Fair Division and Collective Welfare
The concept of fair division is as old as civil society itself. Aristotle's "equal treatment of equals" was the first step toward a formal definition of distributive fairness. The concept of collective welfare, more than two centuries old, is a pillar of modern economic analysis. Reflecting fifty years of research, this book examines the contribution of modern microeconomic thinking to distributive justice. Taking the modern axiomatic approach, it compares normative arguments of distributive justice and their relation to efficiency and collective welfare.

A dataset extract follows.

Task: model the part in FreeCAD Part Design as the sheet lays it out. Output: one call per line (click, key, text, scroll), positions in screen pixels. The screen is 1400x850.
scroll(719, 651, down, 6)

The book begins with the epistemological status of the axiomatic approach and the four classic principles of distributive justice: compensation, reward, exogenous rights, and fitness. It then presents the simple ideas of equal gains, equal losses, and proportional gains and losses. The book discusses three cardinal interpretations of collective welfare: Bentham's "utilitarian" proposal to maximize the sum of individual utilities, the Nash product, and the egalitarian leximin ordering. It also discusses the two main ordinal definitions of collective welfare: the majority relation and the Borda scoring method.

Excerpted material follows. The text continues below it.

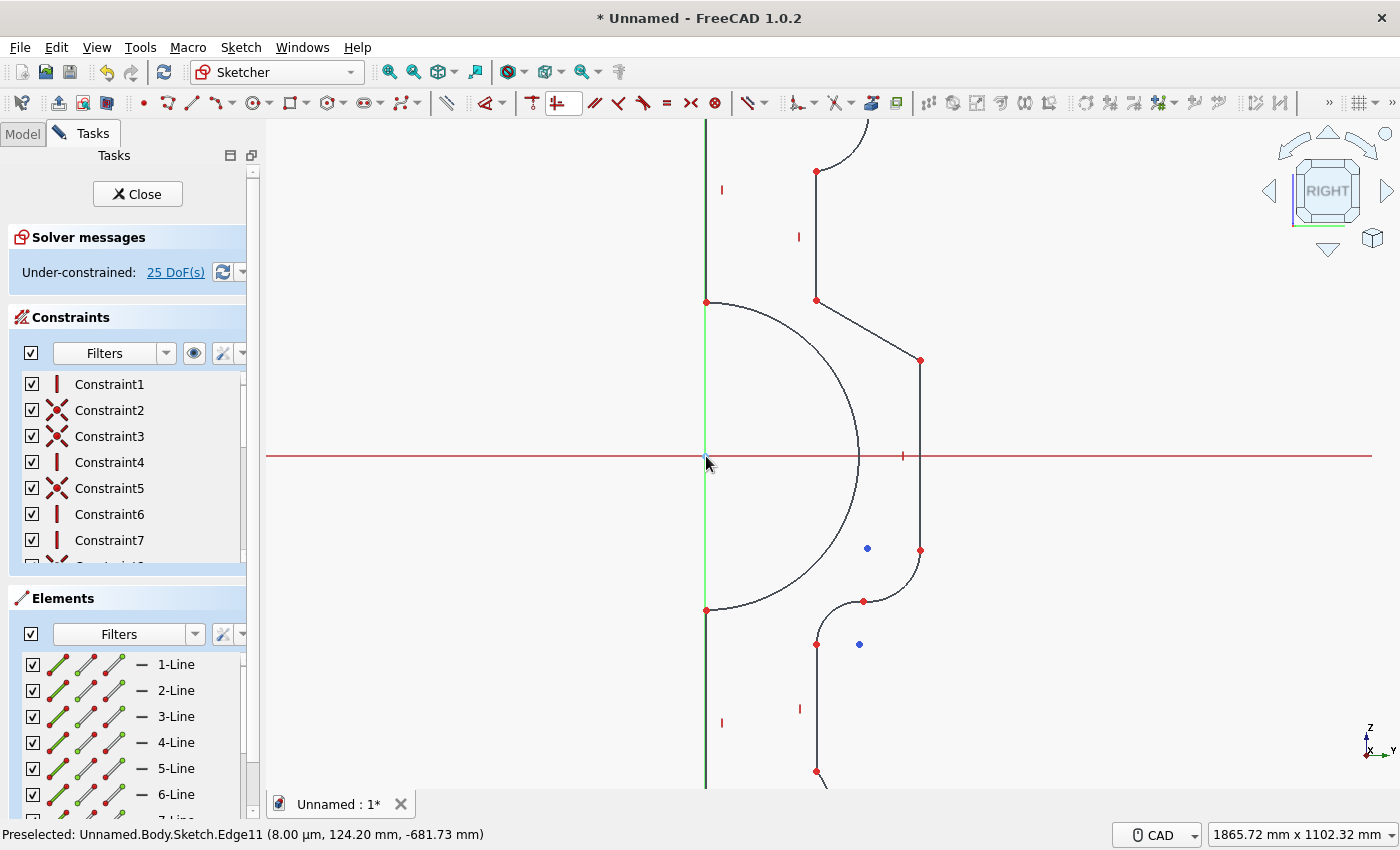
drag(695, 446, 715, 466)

The Shapley value is the single most important contribution of game theory to distributive justice. A formula to divide jointly produced costs or benefits fairly, it is especially useful when the pattern of externalities renders useless the simple ideas of equality and proportionality. The book ends with two versatile methods for dividing commodities efficiently and fairly when only ordinal preferences matter: competitive equilibrium with equal incomes and egalitarian equivalence. The book contains a wealth of empirical examples and exercises.
About the Author
Hervé Moulin is George A. Peterkin Professor of Economics at Rice University.